** Exercise description **
From the data below, copy each line that includes the word "degrees".

** Extracted records **
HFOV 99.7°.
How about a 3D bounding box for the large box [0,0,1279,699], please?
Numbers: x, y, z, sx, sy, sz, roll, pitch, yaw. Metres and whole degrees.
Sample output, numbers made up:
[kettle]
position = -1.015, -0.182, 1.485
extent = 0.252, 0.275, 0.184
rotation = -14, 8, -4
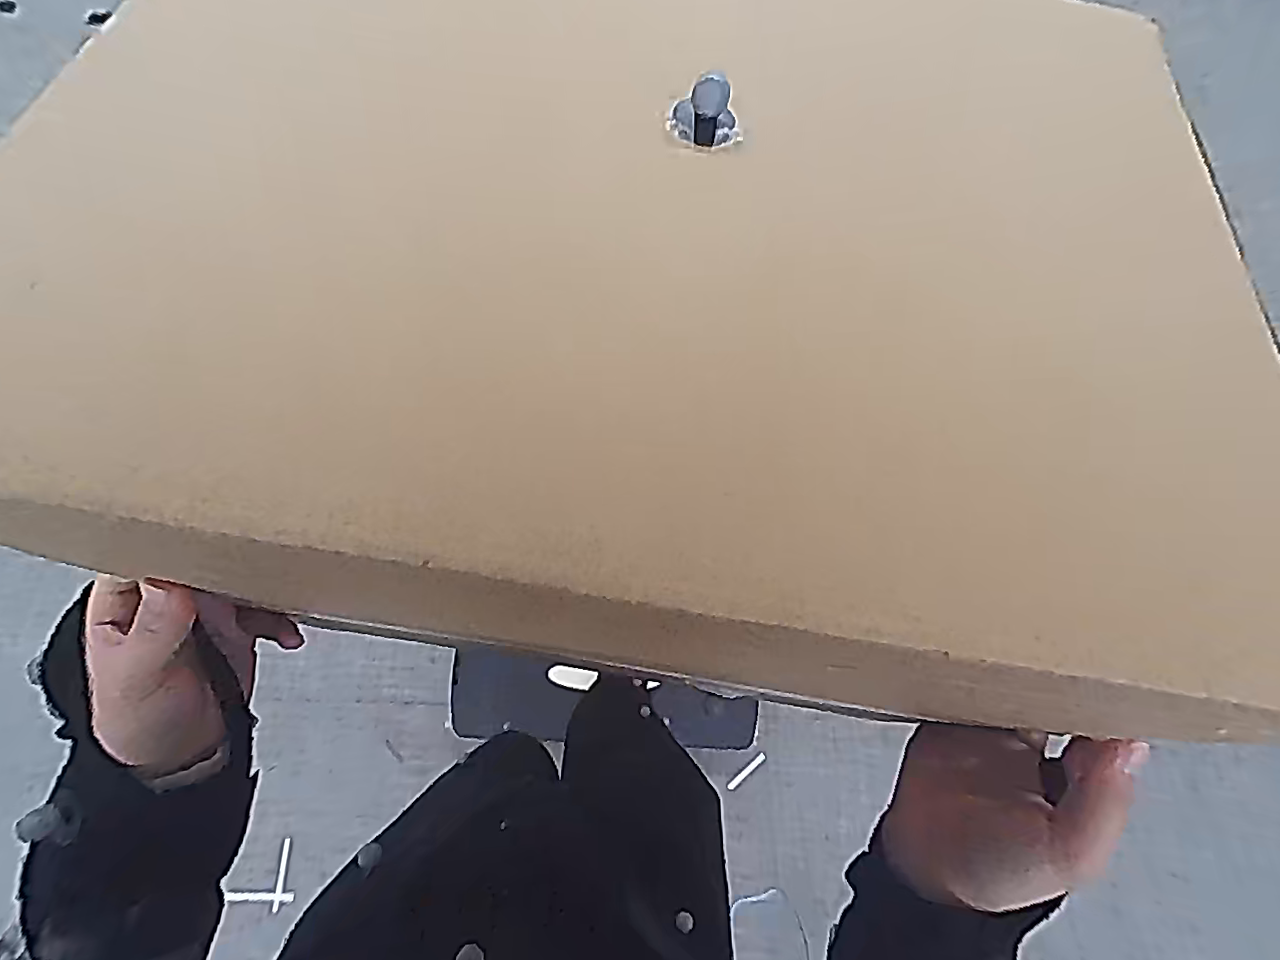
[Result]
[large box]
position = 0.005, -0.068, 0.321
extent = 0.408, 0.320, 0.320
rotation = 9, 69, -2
--
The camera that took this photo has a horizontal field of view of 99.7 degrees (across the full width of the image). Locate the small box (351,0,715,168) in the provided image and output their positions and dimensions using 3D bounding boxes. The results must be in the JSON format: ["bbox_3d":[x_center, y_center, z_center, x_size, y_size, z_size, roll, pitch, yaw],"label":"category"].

** Solution for this problem **
Numbers: x, y, z, sx, sy, sz, roll, pitch, yaw. Metres and whole degrees.
The camera that took this photo has a horizontal field of view of 99.7 degrees (across the full width of the image). Locate the small box (351,0,715,168) in the provided image and output their positions and dimensions using 3D bounding boxes. The results must be in the JSON format: ["bbox_3d":[x_center, y_center, z_center, x_size, y_size, z_size, roll, pitch, yaw],"label":"category"].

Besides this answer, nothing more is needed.